» **Try it**: Could you repeat word for word only the lines from the one containing "make_face(mode=Mode.SUBTRACT)" to the last line of the data below?

(Data entries)
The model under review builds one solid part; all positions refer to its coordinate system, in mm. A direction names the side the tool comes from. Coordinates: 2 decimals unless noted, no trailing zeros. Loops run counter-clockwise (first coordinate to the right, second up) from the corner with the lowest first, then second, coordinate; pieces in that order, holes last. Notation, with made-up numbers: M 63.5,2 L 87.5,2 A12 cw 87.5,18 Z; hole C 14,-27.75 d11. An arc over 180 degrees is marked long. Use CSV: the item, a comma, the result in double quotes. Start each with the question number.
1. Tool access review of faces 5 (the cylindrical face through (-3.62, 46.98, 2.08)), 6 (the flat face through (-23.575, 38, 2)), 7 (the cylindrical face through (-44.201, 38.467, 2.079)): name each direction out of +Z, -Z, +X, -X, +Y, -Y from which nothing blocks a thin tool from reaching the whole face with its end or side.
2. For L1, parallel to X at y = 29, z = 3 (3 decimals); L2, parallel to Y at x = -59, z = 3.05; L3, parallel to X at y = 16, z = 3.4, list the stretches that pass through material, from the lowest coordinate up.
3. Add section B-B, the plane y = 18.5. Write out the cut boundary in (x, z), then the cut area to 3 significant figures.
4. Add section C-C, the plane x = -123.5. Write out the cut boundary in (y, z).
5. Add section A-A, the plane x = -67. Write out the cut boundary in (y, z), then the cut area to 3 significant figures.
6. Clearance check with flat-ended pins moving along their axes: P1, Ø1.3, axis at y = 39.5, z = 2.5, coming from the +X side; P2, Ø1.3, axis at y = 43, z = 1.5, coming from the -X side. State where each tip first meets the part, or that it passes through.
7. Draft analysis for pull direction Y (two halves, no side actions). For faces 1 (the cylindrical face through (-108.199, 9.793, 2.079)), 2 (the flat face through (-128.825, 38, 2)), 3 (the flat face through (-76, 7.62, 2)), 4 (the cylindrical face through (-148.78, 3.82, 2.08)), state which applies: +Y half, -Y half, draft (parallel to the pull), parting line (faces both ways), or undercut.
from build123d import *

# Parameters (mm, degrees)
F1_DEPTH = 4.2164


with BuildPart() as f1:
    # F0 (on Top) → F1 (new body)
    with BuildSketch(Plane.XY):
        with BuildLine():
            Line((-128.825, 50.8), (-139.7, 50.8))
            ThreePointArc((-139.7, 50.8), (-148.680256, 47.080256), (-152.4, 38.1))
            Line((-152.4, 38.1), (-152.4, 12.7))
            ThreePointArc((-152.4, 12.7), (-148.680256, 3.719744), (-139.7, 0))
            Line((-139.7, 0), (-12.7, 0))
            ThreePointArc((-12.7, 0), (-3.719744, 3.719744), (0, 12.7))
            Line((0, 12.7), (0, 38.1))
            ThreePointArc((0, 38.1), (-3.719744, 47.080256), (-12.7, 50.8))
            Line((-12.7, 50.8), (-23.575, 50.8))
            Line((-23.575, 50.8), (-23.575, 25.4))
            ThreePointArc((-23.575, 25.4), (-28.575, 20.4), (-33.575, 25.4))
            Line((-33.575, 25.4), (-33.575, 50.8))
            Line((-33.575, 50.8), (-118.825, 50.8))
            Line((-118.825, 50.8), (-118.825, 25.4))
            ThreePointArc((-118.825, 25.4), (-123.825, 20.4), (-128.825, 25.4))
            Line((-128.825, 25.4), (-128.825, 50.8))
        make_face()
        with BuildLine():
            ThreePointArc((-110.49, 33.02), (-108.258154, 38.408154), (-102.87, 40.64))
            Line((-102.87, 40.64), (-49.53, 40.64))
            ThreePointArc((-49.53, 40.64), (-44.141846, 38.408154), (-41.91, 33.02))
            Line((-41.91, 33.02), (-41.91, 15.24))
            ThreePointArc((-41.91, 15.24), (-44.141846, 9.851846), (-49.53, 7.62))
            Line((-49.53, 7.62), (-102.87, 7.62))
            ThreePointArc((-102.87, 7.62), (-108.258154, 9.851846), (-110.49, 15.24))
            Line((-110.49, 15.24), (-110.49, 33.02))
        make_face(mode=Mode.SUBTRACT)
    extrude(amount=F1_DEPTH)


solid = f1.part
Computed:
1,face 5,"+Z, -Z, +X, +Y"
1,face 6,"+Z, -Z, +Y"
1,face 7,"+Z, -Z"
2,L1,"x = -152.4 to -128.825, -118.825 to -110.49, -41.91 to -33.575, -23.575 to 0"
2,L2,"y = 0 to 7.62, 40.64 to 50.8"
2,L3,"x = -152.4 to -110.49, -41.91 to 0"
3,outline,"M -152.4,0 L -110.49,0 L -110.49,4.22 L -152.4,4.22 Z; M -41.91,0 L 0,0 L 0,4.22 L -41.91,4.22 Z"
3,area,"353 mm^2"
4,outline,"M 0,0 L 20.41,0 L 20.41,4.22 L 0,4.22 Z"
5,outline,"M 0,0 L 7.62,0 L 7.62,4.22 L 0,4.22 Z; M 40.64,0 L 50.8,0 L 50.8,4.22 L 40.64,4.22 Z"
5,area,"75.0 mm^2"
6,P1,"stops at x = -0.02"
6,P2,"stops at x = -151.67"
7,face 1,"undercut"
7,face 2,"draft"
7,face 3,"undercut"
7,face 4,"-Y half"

» **Result for this task**:
        make_face(mode=Mode.SUBTRACT)
    extrude(amount=F1_DEPTH)


solid = f1.part
Computed:
1,face 5,"+Z, -Z, +X, +Y"
1,face 6,"+Z, -Z, +Y"
1,face 7,"+Z, -Z"
2,L1,"x = -152.4 to -128.825, -118.825 to -110.49, -41.91 to -33.575, -23.575 to 0"
2,L2,"y = 0 to 7.62, 40.64 to 50.8"
2,L3,"x = -152.4 to -110.49, -41.91 to 0"
3,outline,"M -152.4,0 L -110.49,0 L -110.49,4.22 L -152.4,4.22 Z; M -41.91,0 L 0,0 L 0,4.22 L -41.91,4.22 Z"
3,area,"353 mm^2"
4,outline,"M 0,0 L 20.41,0 L 20.41,4.22 L 0,4.22 Z"
5,outline,"M 0,0 L 7.62,0 L 7.62,4.22 L 0,4.22 Z; M 40.64,0 L 50.8,0 L 50.8,4.22 L 40.64,4.22 Z"
5,area,"75.0 mm^2"
6,P1,"stops at x = -0.02"
6,P2,"stops at x = -151.67"
7,face 1,"undercut"
7,face 2,"draft"
7,face 3,"undercut"
7,face 4,"-Y half"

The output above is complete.